27 octobre 2006

Une espagnole au goût bulgare

Comme promis, voici quelques mots au sujet de la partie qui a opposé, jeudi 26 octobre, Vesseline Topalov avec les Blancs à l'Azerbaïdjanais (et n°12 mondial) Shakhriyar Mamedyarov. Pour la première fois depuis longtemps, le Bulgare entama la rencontre en poussant e4, le coup que ses fans auraient souhaité voir apparaître sur l'échiquier lors du championnat du monde d'Elista. Contre Mamedyarov, ce fut une espagnole avec une aile dame ouverte aux quatre vents. L'espoir azerbaïdjanais laissa un pion pour percer une avenue sur la colonne g, tandis que Topalov avait deux pions doublés au milieu de l'échiquier.
Pendant longtemps, on put juger la position équilibrée mais, après le 40e coup, Mamedyarov perdit en précision, rata une ou deux fois l'occasion d'assurer l'équilibre et se retrouva au bord du gouffre, avec rien moins qu'une menace de mat en 1 coup (voir diagramme ci-contre) après le 47e coup blanc. En réalité, je suppose qu'il cherchait un échec perpétuel, comme le confirme le coup qu'il joua alors. Aucune défense du pion f7 n'est convenable (et, Mamedyarov ne le sait peut-être pas encore, la partie est perdue) : la tour ne peut aller en g7 car Fh6 est mortel et si le pion f s'avance en f6, les Blancs ont Fd2 et, après que leur dame s'est déplacée, les Noirs n'ont plus aucun bon coup à jouer. Dans la position du diagramme, ils osèrent donc Tg3 +, avec plusieurs idées en tête. Après 48. Dxg3 Dh1+, les Blancs évitèrent de jouer Dh2, à cause du perpétuel 49...Df3+ 50. Dg3 Dh1+ etc. Le monarque blanc se poussa donc avec 49. Rg4 suivi de Dxe4+. Ici, la seule solution possible pour gagner est de continuer le voyage du roi avec 50. Rh5 que joua Topalov. En effet, sur 50. Ff4, suit h5 ! 51. Rxh5 Cg7+ 52. Rg4 Df5+ qui regagne la tour au coup suivant et les Blancs ont bien du mal à faire parler leur pion de plus, avec les dames encore sur l'échiquier.

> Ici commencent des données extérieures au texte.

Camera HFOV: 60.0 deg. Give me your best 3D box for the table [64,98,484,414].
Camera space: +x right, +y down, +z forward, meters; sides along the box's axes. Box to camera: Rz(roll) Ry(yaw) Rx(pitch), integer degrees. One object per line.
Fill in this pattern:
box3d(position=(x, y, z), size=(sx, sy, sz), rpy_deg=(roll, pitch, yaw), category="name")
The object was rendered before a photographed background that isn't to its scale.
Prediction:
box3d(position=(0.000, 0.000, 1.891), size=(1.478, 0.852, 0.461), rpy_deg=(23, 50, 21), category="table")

Après 50. Rh5, les Noirs... abandonnèrent, alors même qu'ils avaient joué pour obtenir cette position (diagramme ci-contre). Mamedyarov avait dû se dire que son cavalier sauterait sur g7 en donnant échec. Après quoi, le roi blanc aurait été obligé de venir en h6 (sur 51. Rg5 Df5+ 52. Rh6 Dh5 mat !), ce qui aurait provoqué une fourchette royale avec 51... Cf5 ramassant la dame. Mais voilà, tout cela ne fonctionne pas. Pourquoi ? Cherchez un peu ce qui fait que Cg7+ est réfuté. Voici la réponse : simplement, la dame blanche prend en g7 ! Suit 51... Rxg7 52. Fh6+ Rg8 et 53. Td8 mat. Magnifique tableau de mat, enseigné dans les écoles d'échecs.

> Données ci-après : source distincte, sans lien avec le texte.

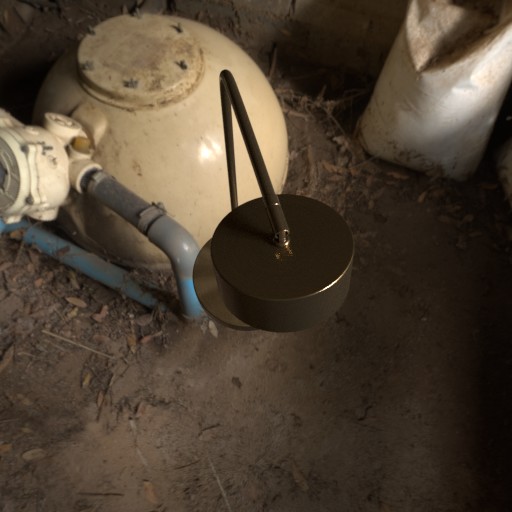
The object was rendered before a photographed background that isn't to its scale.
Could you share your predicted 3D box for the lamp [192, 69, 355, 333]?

Topalov a-t-il entamé, avec cette partie, une des remontées spectaculaires dont il a le secret ? Pendant qu'il gagnait cette partie, sur l'autre table de ce tournoi à quatre, Judit Polgar terrassait Ivan Sokolov, prenant seule la tête de la compétition avant les deux dernières rondes. Aujourd'hui, la Hongroise est opposée à Mamedyarov et jouera contre Topalov demain, pour la dernière partie, avec les Noirs.